I have made a framework that generates a HTML "DOM" tree on the server, as a tree of python objects, and then spits it out as a string to be sent to the client. The way it does this is via a recursive depth-first traversal of the tree: for example a div would spit out the opening "div", spit out all it's children's html and then spit out the closing "/div".
This tree is broken down into conceptual components, as shown below:
graph http://lhy.mit.edu/media/Flow_Chart.png
This only shows the first two levels of hierarchy; the actual site has many more: for example each comment in the comment bar is a self contained component, each button on the menu bar is a self contained component. As you can see, the various components do not need to be on the same depth in the tree. What constitutes a "component" is decided by me.

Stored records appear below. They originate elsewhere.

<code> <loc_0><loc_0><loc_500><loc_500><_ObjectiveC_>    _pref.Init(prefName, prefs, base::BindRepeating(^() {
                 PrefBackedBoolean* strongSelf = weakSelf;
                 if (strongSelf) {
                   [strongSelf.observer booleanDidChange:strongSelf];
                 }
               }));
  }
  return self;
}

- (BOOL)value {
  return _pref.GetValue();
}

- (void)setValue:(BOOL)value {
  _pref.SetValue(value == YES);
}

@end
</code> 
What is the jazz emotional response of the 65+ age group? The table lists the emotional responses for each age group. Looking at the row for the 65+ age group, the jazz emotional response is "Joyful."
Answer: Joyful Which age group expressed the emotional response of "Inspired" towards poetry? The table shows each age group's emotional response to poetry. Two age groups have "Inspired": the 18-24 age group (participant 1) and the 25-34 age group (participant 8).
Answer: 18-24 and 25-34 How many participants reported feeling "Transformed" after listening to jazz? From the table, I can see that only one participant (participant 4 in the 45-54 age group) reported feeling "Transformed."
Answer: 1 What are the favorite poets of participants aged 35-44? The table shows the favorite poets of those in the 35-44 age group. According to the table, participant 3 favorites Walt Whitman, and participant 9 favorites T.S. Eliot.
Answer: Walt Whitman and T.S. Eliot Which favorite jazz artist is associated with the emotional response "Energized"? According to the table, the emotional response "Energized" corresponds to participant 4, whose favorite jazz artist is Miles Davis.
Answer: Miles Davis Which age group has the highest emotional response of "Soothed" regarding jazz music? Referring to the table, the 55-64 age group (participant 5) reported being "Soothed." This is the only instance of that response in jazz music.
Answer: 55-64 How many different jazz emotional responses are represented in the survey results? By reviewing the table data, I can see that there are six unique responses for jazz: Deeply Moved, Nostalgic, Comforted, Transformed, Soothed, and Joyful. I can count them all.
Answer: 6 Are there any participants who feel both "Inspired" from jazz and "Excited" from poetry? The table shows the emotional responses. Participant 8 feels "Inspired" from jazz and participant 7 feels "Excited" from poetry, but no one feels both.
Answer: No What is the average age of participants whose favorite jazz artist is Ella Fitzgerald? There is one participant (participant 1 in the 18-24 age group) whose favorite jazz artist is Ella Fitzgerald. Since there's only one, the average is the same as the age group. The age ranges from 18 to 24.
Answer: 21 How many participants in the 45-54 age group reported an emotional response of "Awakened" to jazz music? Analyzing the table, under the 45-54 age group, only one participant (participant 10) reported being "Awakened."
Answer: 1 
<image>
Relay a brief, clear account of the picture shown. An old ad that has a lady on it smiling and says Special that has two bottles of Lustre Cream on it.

What I want is the complete html string for each component (everything from the root node of that component downwards), as well as the partial HTML string for every component (The HTML of that component, minus the HTML of its children). The partial HTML of main section, for example, would be the html, head and two div tags only. The complete html of main section, on the other hand, would be every node on the page.
How would i do this? I could just find the complete HTML string of every component and sub-component, mark the boundaries of each sub-component with some string and do Regex-Removals in order to find the partial HTML string for every component, but that feels clunky and inefficient.

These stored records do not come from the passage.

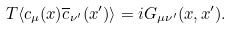Convert formula to latex. <formula><loc_0><loc_0><loc_500><loc_500>T \langle c _ { \mu } ( x ) \overline { c } _ { \nu ^ { \prime } } ( x ^ { \prime } ) \rangle = i G _ { \mu \nu ^ { \prime } } ( x , x ^ { \prime } ) .</formula> 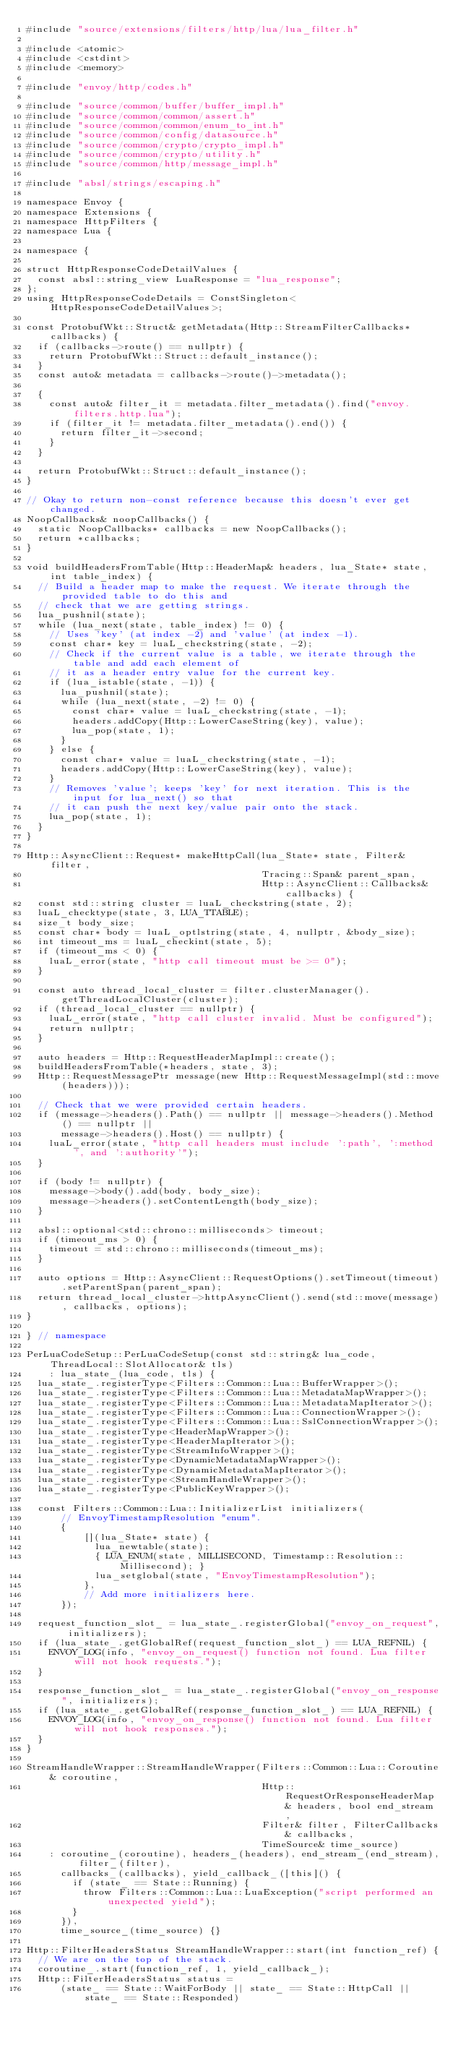<code> <loc_0><loc_0><loc_500><loc_500><_C++_>#include "source/extensions/filters/http/lua/lua_filter.h"

#include <atomic>
#include <cstdint>
#include <memory>

#include "envoy/http/codes.h"

#include "source/common/buffer/buffer_impl.h"
#include "source/common/common/assert.h"
#include "source/common/common/enum_to_int.h"
#include "source/common/config/datasource.h"
#include "source/common/crypto/crypto_impl.h"
#include "source/common/crypto/utility.h"
#include "source/common/http/message_impl.h"

#include "absl/strings/escaping.h"

namespace Envoy {
namespace Extensions {
namespace HttpFilters {
namespace Lua {

namespace {

struct HttpResponseCodeDetailValues {
  const absl::string_view LuaResponse = "lua_response";
};
using HttpResponseCodeDetails = ConstSingleton<HttpResponseCodeDetailValues>;

const ProtobufWkt::Struct& getMetadata(Http::StreamFilterCallbacks* callbacks) {
  if (callbacks->route() == nullptr) {
    return ProtobufWkt::Struct::default_instance();
  }
  const auto& metadata = callbacks->route()->metadata();

  {
    const auto& filter_it = metadata.filter_metadata().find("envoy.filters.http.lua");
    if (filter_it != metadata.filter_metadata().end()) {
      return filter_it->second;
    }
  }

  return ProtobufWkt::Struct::default_instance();
}

// Okay to return non-const reference because this doesn't ever get changed.
NoopCallbacks& noopCallbacks() {
  static NoopCallbacks* callbacks = new NoopCallbacks();
  return *callbacks;
}

void buildHeadersFromTable(Http::HeaderMap& headers, lua_State* state, int table_index) {
  // Build a header map to make the request. We iterate through the provided table to do this and
  // check that we are getting strings.
  lua_pushnil(state);
  while (lua_next(state, table_index) != 0) {
    // Uses 'key' (at index -2) and 'value' (at index -1).
    const char* key = luaL_checkstring(state, -2);
    // Check if the current value is a table, we iterate through the table and add each element of
    // it as a header entry value for the current key.
    if (lua_istable(state, -1)) {
      lua_pushnil(state);
      while (lua_next(state, -2) != 0) {
        const char* value = luaL_checkstring(state, -1);
        headers.addCopy(Http::LowerCaseString(key), value);
        lua_pop(state, 1);
      }
    } else {
      const char* value = luaL_checkstring(state, -1);
      headers.addCopy(Http::LowerCaseString(key), value);
    }
    // Removes 'value'; keeps 'key' for next iteration. This is the input for lua_next() so that
    // it can push the next key/value pair onto the stack.
    lua_pop(state, 1);
  }
}

Http::AsyncClient::Request* makeHttpCall(lua_State* state, Filter& filter,
                                         Tracing::Span& parent_span,
                                         Http::AsyncClient::Callbacks& callbacks) {
  const std::string cluster = luaL_checkstring(state, 2);
  luaL_checktype(state, 3, LUA_TTABLE);
  size_t body_size;
  const char* body = luaL_optlstring(state, 4, nullptr, &body_size);
  int timeout_ms = luaL_checkint(state, 5);
  if (timeout_ms < 0) {
    luaL_error(state, "http call timeout must be >= 0");
  }

  const auto thread_local_cluster = filter.clusterManager().getThreadLocalCluster(cluster);
  if (thread_local_cluster == nullptr) {
    luaL_error(state, "http call cluster invalid. Must be configured");
    return nullptr;
  }

  auto headers = Http::RequestHeaderMapImpl::create();
  buildHeadersFromTable(*headers, state, 3);
  Http::RequestMessagePtr message(new Http::RequestMessageImpl(std::move(headers)));

  // Check that we were provided certain headers.
  if (message->headers().Path() == nullptr || message->headers().Method() == nullptr ||
      message->headers().Host() == nullptr) {
    luaL_error(state, "http call headers must include ':path', ':method', and ':authority'");
  }

  if (body != nullptr) {
    message->body().add(body, body_size);
    message->headers().setContentLength(body_size);
  }

  absl::optional<std::chrono::milliseconds> timeout;
  if (timeout_ms > 0) {
    timeout = std::chrono::milliseconds(timeout_ms);
  }

  auto options = Http::AsyncClient::RequestOptions().setTimeout(timeout).setParentSpan(parent_span);
  return thread_local_cluster->httpAsyncClient().send(std::move(message), callbacks, options);
}

} // namespace

PerLuaCodeSetup::PerLuaCodeSetup(const std::string& lua_code, ThreadLocal::SlotAllocator& tls)
    : lua_state_(lua_code, tls) {
  lua_state_.registerType<Filters::Common::Lua::BufferWrapper>();
  lua_state_.registerType<Filters::Common::Lua::MetadataMapWrapper>();
  lua_state_.registerType<Filters::Common::Lua::MetadataMapIterator>();
  lua_state_.registerType<Filters::Common::Lua::ConnectionWrapper>();
  lua_state_.registerType<Filters::Common::Lua::SslConnectionWrapper>();
  lua_state_.registerType<HeaderMapWrapper>();
  lua_state_.registerType<HeaderMapIterator>();
  lua_state_.registerType<StreamInfoWrapper>();
  lua_state_.registerType<DynamicMetadataMapWrapper>();
  lua_state_.registerType<DynamicMetadataMapIterator>();
  lua_state_.registerType<StreamHandleWrapper>();
  lua_state_.registerType<PublicKeyWrapper>();

  const Filters::Common::Lua::InitializerList initializers(
      // EnvoyTimestampResolution "enum".
      {
          [](lua_State* state) {
            lua_newtable(state);
            { LUA_ENUM(state, MILLISECOND, Timestamp::Resolution::Millisecond); }
            lua_setglobal(state, "EnvoyTimestampResolution");
          },
          // Add more initializers here.
      });

  request_function_slot_ = lua_state_.registerGlobal("envoy_on_request", initializers);
  if (lua_state_.getGlobalRef(request_function_slot_) == LUA_REFNIL) {
    ENVOY_LOG(info, "envoy_on_request() function not found. Lua filter will not hook requests.");
  }

  response_function_slot_ = lua_state_.registerGlobal("envoy_on_response", initializers);
  if (lua_state_.getGlobalRef(response_function_slot_) == LUA_REFNIL) {
    ENVOY_LOG(info, "envoy_on_response() function not found. Lua filter will not hook responses.");
  }
}

StreamHandleWrapper::StreamHandleWrapper(Filters::Common::Lua::Coroutine& coroutine,
                                         Http::RequestOrResponseHeaderMap& headers, bool end_stream,
                                         Filter& filter, FilterCallbacks& callbacks,
                                         TimeSource& time_source)
    : coroutine_(coroutine), headers_(headers), end_stream_(end_stream), filter_(filter),
      callbacks_(callbacks), yield_callback_([this]() {
        if (state_ == State::Running) {
          throw Filters::Common::Lua::LuaException("script performed an unexpected yield");
        }
      }),
      time_source_(time_source) {}

Http::FilterHeadersStatus StreamHandleWrapper::start(int function_ref) {
  // We are on the top of the stack.
  coroutine_.start(function_ref, 1, yield_callback_);
  Http::FilterHeadersStatus status =
      (state_ == State::WaitForBody || state_ == State::HttpCall || state_ == State::Responded)</code>

I could do an iterative-deepening DFS, halting at the boundary between a component and its sub-components until every node in that component has been explored. I would then have the partial HTML for every component but then i would need to do a similarly hacky Regex-Inserts to later build up the complete HTML for every component.

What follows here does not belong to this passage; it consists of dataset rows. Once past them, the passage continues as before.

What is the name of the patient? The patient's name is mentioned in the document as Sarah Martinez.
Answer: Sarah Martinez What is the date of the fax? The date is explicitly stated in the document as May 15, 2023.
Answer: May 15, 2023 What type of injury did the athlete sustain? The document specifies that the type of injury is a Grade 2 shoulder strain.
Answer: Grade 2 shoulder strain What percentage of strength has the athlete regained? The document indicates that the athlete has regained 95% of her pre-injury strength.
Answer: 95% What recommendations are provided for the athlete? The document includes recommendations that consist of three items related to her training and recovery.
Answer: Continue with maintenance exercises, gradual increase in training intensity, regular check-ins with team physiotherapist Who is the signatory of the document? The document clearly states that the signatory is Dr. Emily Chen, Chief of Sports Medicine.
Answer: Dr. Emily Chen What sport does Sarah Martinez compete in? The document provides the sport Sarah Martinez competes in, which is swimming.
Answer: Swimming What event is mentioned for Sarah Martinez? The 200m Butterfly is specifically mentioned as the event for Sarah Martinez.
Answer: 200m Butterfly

I could do both, but that would take two passes and would be expensive, though maybe not as expensive as the above Regex gymnastics.
I could do a priority-queue Dijkstra's, having each component be strictly higher priority than its children. It would traverse the tree in the correct order, finishing each component before moving on to its children, but i have no idea how i would get the final well-formed HTML string out of it.
The purpose of all this is so the server can intelligently and completely autonomously determine the minimal set of components on the client's page that need to change on a page-transition between two arbitrary pages.
If i create a new page on my site, I should need no more than Zero extra lines of code to have it ajax smoothly with any existing page.
But first i need to get my graph-traversing html-spewing algorithms in order. Any ideas?